Mental health has been at the forefront of conversations around the world in recent years, with awareness growing amid the COVID-19 pandemic. These discussions have also brought to light why mental health issues are a particular concern for Americans who are Black, Indigenous, or other people of color (BIPOC).
Since 2008, July has been recognized as BIPOC Mental Health Awareness Month, and medical organizations and advocacy groups have ramped up efforts to highlight the gap in the BIPOC community finding mental health care and helping these individuals get the treatment they need.
Melanie Wilcox, PhD, an assistant professor in the Department of Psychological Sciences, Institute of Public and Preventive Health, and the Department of Psychiatry at Augusta University studies the economic barriers that people — particularly BIPOC Americans — face as a result of historic marginalization and the resulting challenges for mental health.
“BIPOC Mental Health Month is an opportunity for us to raise awareness while also encouraging people to advocate and take action with regard to the mental health detriments experienced by people of color as a result of systemic and structural racism,” Wilcox said.
BIPOC Americans have traditionally experienced mental health disorders at similar rates as white Americans. However, the Department of Health revealed that BIPOC Americans “have less access to mental health care, are less likely to get needed treatment, and are more likely to delay care or not seek it at all. When BIPOC Americans do get mental health treatment, it is likelier to be low quality.”

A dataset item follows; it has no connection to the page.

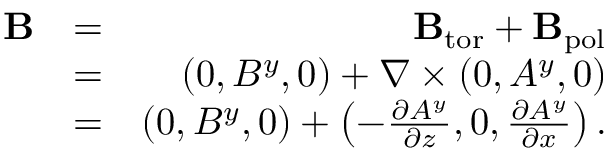<formula> <loc_0><loc_0><loc_500><loc_500>\begin{array} { r l r } { B } & { = } & { { B } _ { t o r } + { B } _ { p o l } } \\ & { = } & { ( 0 , B ^ { y } , 0 ) + \nabla \times \left ( { 0 , A ^ { y } , 0 } \right ) } \\ & { = } & { ( 0 , B ^ { y } , 0 ) + \left ( { - \frac { \partial A ^ { y } } { \partial z } , 0 , \frac { \partial A ^ { y } } { \partial x } } \right ) . } \end{array}</formula> 
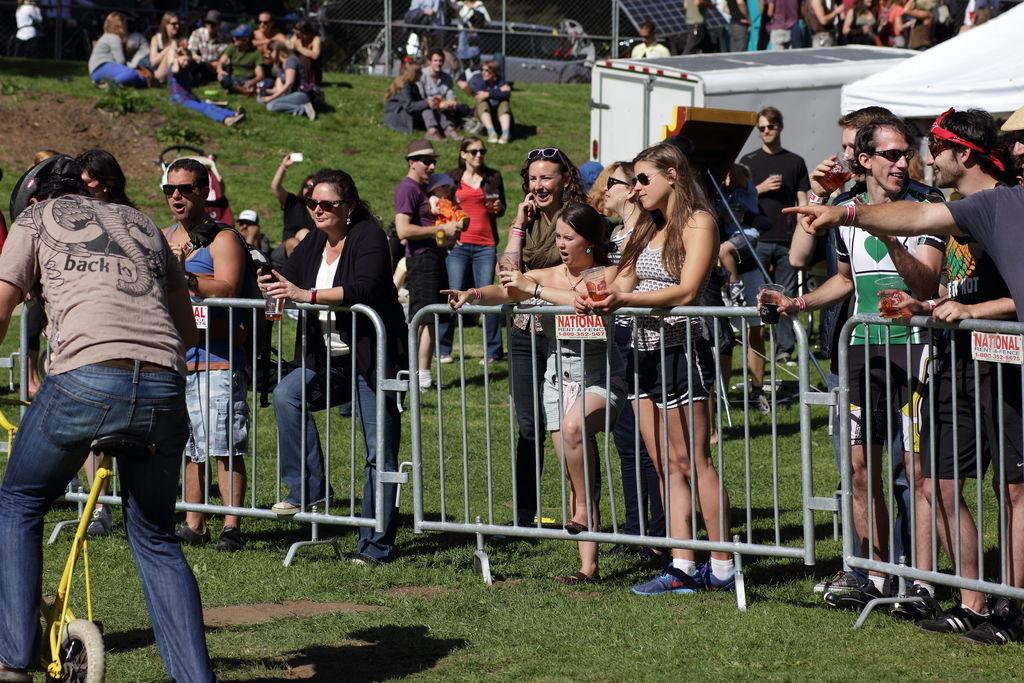Who is the main subject in the image? There is a man in the image. What is the man doing in the image? The man is riding a small bicycle. Are there any other people present in the image? Yes, there are people beside the man watching him. What type of sugar is being used to sweeten the plot in the image? There is no plot or sugar present in the image.

In recent years, police brutality against Black individuals and hate crimes against Asian people have made national news, adding to the mental struggles that BIPOC individuals face and making it more difficult for them to heal when mental health care is not easily accessible.
“Different statistics suggest that BIPOC individuals experience some mental health concerns at greater rates while some suggest that they experience mental health concerns at about the same rates,” Wilcox said.
“Either way, their access to quality mental health treatment is much poorer than the access to mental health treatment and quality mental health treatment that white people tend to experience. On top of this, they experience more detrimental stressors, such as experiencing various forms of racism, and then they aren’t able to access the mental health care that they need to actually start to heal from those things.”
Issues surrounding mental health for BIPOC Americans are not endured by only adults, but also students of all ages. Among her numerous areas of research, Wilcox studies racial and economic inequities, racism and antiracism, the student loan debt crisis, socioeconomic status and social class.
“My studies have included racial and socioeconomic disparities in higher education, not the things that are necessarily academic focused, but rather the things that keep students from being able to focus on their academics,” Wilcox said.
“Students of color and lower socioeconomic status students experience greater food insecurity and greater housing insecurity, so they’re struggling to get their basic needs met, much less any higher order needs than that. Experiencing these stressors where you can’t get even your most basic needs met is a significant detriment to mental health,” Wilcox said.
“We have to do more to help attend to some of these real stressors in the environment, whether that is racism in the most explicit sense, or again, the racial disparities as a result of historic racism.”
One problem that Wilcox is hoping will continue to be addressed is the way systems of oppression are discussed within the medical professions, particularly in the field of mental health.
“One of the things I study is culturally responsive care, and I encourage people to challenge the use of the word ‘culture’ in certain contexts. Very often people, and especially people of color, are told to just think about their problems differently or sometimes their concerns about the very real racist stressors that they are experiencing in their environment are minimized,” Wilcox said.
“This is an opportunity for us to raise awareness of that fact and to encourage people to get involved by advocating, including the other 11 months out of the year, to better increase access to quality mental health services for people of color.”